Message 89 of 135 (518282)
08-04-2009 11:25 PM
Reply to: Message 85 by RAZD
08-04-2009 6:17 PM


Re: reality testing
Hi, RAZD.
RAZD writes:
And yet none of the dragons or other depictions really look like an actual dinosaur. Please look again - closely - at the depictions you have posted and see if they accurately portray known dinosaurs.
Actually, I disagree with you on this.
Here's an ancient Mesoamerican sculpture that's supposed to be a jaguar:
The sculptor had to know what a jaguar looks like, and had likely seen them before, but the statue still came out like this.
Edited by Bluejay, : Replacing "carving" and "carver" with "sculpture" and "sculptor": it just sounds better that way.
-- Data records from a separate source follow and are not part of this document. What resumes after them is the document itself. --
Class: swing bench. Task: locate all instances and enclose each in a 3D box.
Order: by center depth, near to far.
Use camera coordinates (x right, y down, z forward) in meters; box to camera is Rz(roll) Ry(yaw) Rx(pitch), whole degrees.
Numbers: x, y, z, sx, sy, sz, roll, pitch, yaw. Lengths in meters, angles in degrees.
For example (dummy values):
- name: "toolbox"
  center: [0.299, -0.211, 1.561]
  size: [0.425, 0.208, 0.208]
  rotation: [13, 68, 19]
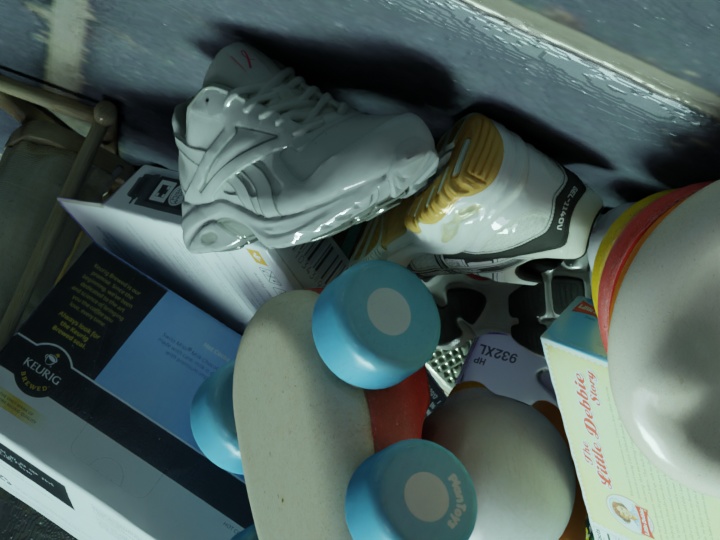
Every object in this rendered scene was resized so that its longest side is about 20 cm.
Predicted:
- name: "swing bench"
  center: [-0.223, -0.005, 1.438]
  size: [0.129, 0.199, 0.200]
  rotation: [21, 169, 15]

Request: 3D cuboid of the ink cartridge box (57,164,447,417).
- name: "ink cartridge box"
  center: [-0.057, 0.022, 1.310]
  size: [0.200, 0.043, 0.198]
  rotation: [13, 148, 47]

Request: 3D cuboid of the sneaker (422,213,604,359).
- name: "sneaker"
  center: [0.106, 0.004, 1.204]
  size: [0.083, 0.081, 0.200]
  rotation: [-6, -174, -41]

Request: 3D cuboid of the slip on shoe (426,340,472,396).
- name: "slip on shoe"
  center: [0.091, 0.061, 1.466]
  size: [0.200, 0.074, 0.061]
  rotation: [27, 172, -42]

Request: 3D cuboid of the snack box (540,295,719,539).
- name: "snack box"
  center: [0.163, 0.111, 1.130]
  size: [0.116, 0.037, 0.200]
  rotation: [21, 143, 39]

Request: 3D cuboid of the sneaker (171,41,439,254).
- name: "sneaker"
  center: [-0.041, -0.064, 1.094]
  size: [0.200, 0.078, 0.100]
  rotation: [-8, 103, 54]

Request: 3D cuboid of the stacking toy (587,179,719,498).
- name: "stacking toy"
  center: [0.149, 0.006, 1.019]
  size: [0.146, 0.146, 0.200]
  rotation: [28, -174, -22]

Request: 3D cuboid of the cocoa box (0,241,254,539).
- name: "cocoa box"
  center: [-0.111, 0.104, 1.324]
  size: [0.200, 0.131, 0.133]
  rotation: [32, 160, 16]

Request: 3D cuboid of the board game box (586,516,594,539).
- name: "board game box"
  center: [0.229, 0.135, 1.287]
  size: [0.199, 0.024, 0.105]
  rotation: [-3, 157, -9]

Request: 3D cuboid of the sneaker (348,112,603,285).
- name: "sneaker"
  center: [0.056, -0.018, 1.136]
  size: [0.087, 0.076, 0.200]
  rotation: [26, 169, -11]

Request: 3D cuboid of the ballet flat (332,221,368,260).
- name: "ballet flat"
  center: [0.000, 0.000, 1.342]
  size: [0.068, 0.073, 0.200]
  rotation: [20, 169, 5]

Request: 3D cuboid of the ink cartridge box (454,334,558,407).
- name: "ink cartridge box"
  center: [0.169, 0.081, 1.351]
  size: [0.145, 0.084, 0.200]
  rotation: [16, 167, 32]

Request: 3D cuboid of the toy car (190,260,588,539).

-Bluejay (a.k.a. Mantis, Thylacosmilus)
Darwin loves you.

This message is a reply to:
 Message 85 by RAZD, posted 08-04-2009 6:17 PM RAZD has replied

Replies to this message:
 Message 90 by Coyote, posted 08-04-2009 11:30 PM Blue Jay has not replied
 Message 112 by RAZD, posted 08-09-2009 7:04 PM Blue Jay has replied

  
Blue Jay
Member (Idle past 2688 days)
Posts: 2843
From: You couldn't pronounce it with your mouthparts
Joined: 02-04-2008


Message 91 of 135 (518285)
08-04-2009 11:51 PM
Reply to: Message 74 by wirkkalaj
08-04-2009 7:48 AM


Re: Saddle up yer Tricerotops Pardner
Hi, Wirkkalaj.
Welcome to EvC!
I think you'll notice that the concept of a dragon is not the same in different parts of the world.
The Chinese dragon, for instance, is described as having the head of a camel, the antlers of a deer, the body of a snake and the claws of a rooster. The scales are actually compared to fish scales, not reptile scales.
It doesn't coincide in any way with dinosaurs, or with the dragons of European folklore, other than it looks like a big reptile to people who don't know any better.
-----
Therianthropy (mixing human and animal traits) is another common motif in beast lore around the world: centaurs, werewolves, many of the Egyptian gods, Ganesh, kitsune, Amerindian animism, etc. In fact, I think it is more widespread than dragon myths. Would you consider this widespread mythological motif as evidence of the actuality of therianthropy?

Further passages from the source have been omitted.